Accelerated vesting of his stock options and restricted stock, and an extended post-termination exercise period for his stock options, as set forth in Section 5.1(c) of the existing employment agreement.

The Company expects to take total accounting charges related to the foregoing severance benefits (including charges for stock compensation expense in connection with the acceleration of stock options and restricted stock) in the aggregate amount of approximately $3.3 million.

The agreement provides that, for the avoidance of doubt, Mr. Milinazzo will not be entitled to any portion of the $400,000 special cash retention bonus approved by the Compensation Committee on February 15, 2011, as he not be employed on the applicable vesting dates with respect thereto.


The agreement provides that Mr. Milinazzo will remain available to serve as a member of the Board following August 1, 2011, and that he will be compensated for any Board service continuing after August 1, 2013 on the same terms as other non-employee members of the Board.

 

Item 7.01. Regulation FD Disclosure.

On June 16, 2011, the Company issued a press release regarding certain of the matters described in Item 5.02. This press release is furnished herewith as Exhibit 99.1.

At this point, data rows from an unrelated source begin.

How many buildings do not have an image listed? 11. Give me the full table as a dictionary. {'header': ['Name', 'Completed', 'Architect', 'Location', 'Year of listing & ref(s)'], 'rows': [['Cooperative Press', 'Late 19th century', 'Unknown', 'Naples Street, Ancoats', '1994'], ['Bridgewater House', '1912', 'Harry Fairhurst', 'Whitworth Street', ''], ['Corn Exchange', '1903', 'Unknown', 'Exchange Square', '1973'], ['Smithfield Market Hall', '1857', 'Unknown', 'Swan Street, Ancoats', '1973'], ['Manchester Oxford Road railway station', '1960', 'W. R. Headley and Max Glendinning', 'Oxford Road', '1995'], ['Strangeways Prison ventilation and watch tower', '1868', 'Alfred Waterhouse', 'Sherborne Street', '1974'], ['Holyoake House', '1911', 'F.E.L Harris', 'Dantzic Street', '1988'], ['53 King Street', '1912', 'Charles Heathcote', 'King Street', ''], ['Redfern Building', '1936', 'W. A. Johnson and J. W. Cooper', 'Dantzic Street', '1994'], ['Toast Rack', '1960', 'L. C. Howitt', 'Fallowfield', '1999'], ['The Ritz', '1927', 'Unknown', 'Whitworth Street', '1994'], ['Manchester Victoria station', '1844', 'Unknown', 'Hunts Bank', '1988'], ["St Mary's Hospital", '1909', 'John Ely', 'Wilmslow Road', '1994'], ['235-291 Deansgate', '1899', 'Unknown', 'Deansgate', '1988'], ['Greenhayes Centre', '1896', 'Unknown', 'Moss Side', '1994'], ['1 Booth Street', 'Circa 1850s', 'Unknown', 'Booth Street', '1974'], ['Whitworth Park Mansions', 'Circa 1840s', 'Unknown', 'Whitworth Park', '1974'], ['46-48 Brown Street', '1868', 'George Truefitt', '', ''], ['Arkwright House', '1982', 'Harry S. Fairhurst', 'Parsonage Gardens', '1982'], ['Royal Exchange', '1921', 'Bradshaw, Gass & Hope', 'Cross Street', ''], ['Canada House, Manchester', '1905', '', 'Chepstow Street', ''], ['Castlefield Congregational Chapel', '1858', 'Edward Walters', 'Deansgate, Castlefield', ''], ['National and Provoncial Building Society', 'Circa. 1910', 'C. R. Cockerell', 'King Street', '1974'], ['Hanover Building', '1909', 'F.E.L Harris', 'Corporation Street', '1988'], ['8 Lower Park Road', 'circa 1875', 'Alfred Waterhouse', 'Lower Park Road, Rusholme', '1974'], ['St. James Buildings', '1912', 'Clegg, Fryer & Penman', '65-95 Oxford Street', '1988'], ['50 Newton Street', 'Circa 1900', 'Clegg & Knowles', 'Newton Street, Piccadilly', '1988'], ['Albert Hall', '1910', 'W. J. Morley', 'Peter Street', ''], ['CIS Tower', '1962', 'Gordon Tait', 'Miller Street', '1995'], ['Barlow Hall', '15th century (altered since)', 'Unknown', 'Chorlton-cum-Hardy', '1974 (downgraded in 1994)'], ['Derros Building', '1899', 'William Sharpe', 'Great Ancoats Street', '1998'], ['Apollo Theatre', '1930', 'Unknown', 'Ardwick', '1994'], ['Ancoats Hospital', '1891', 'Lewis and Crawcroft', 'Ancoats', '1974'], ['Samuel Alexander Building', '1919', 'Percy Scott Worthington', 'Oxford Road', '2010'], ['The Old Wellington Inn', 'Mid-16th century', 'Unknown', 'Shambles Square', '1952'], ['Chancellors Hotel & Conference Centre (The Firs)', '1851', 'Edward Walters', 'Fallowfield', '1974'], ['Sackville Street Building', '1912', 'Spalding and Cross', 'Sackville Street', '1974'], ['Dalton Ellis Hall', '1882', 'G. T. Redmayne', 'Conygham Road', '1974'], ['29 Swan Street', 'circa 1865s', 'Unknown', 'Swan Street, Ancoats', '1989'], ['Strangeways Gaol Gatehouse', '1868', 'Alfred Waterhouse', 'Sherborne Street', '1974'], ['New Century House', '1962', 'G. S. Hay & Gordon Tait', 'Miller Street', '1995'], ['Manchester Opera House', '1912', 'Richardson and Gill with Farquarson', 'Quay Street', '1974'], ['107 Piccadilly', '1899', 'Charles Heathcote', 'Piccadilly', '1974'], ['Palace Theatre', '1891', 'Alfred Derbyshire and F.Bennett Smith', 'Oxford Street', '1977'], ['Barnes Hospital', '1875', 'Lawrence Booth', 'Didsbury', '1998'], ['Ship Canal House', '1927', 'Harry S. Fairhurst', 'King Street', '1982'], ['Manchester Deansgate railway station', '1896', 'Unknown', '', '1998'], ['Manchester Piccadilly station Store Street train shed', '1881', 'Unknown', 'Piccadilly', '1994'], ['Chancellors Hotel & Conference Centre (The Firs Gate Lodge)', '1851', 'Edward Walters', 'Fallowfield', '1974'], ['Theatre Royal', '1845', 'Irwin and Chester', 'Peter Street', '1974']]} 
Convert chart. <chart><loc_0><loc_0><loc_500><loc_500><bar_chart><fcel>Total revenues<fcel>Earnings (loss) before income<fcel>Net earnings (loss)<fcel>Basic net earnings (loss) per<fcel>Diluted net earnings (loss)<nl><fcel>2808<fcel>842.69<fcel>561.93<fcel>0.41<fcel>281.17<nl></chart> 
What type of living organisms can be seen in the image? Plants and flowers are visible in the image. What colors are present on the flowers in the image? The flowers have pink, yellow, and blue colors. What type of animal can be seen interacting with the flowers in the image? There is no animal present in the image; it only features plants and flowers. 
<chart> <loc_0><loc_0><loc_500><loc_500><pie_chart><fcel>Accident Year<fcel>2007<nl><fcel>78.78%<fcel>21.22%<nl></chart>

The information included in this Current Report on Form 8-K under this Item 7.01 (including Exhibit 99.1) shall not be deemed “filed” for the purposes of Section 18 of the Securities Exchange Act of 1934, as amended (the “Exchange Act”), or otherwise subject to the liabilities of that section, nor shall it be deemed incorporated by reference into any filing made by the Company under the Exchange Act or Securities Act of 1933, as amended, except as shall be expressly set forth by specific reference in such a filing.

 

Item 9.01. Financial Statements and Exhibits.

 

(d) Exhibits

 

10.1    Amended and Restated Employment Agreement, dated as of June 15, 2011 and effective as of August 1, 2011, by and between Orthofix Inc., Orthofix International N.V. and Robert S. Vaters.
10.2    Letter Agreement, dated June 15, 2011, between Orthofix Inc., Orthofix International N.V. and Alan W. Milinazzo.
99.1    Press release, dated June 16, 2011.

 

 


SIGNATURES

Pursuant to the requirements of the Securities Exchange Act of 1934, the registrant has duly caused this report to be signed on its behalf by the undersigned hereunto duly authorized.

 

Orthofix International N.V.

By:    

 

/s/ Brian McCollum

 

Brian McCollum

Chief Financial Officer and Senior Vice

President of Finance

Date: June 16, 2011


EXHIBIT INDEX

 

Exhibit No.

 

Description

10.1   Amended and Restated Employment Agreement, dated as of June 15, 2011 and effective as of August 1, 2011, by and between Orthofix Inc., Orthofix International N.V. and Robert S. Vaters.
10.2   Letter Agreement, dated June 15, 2011, between Orthofix Inc., Orthofix International N.V. and Alan W. Milinazzo.
99.1   Press release, dated June 16, 2011.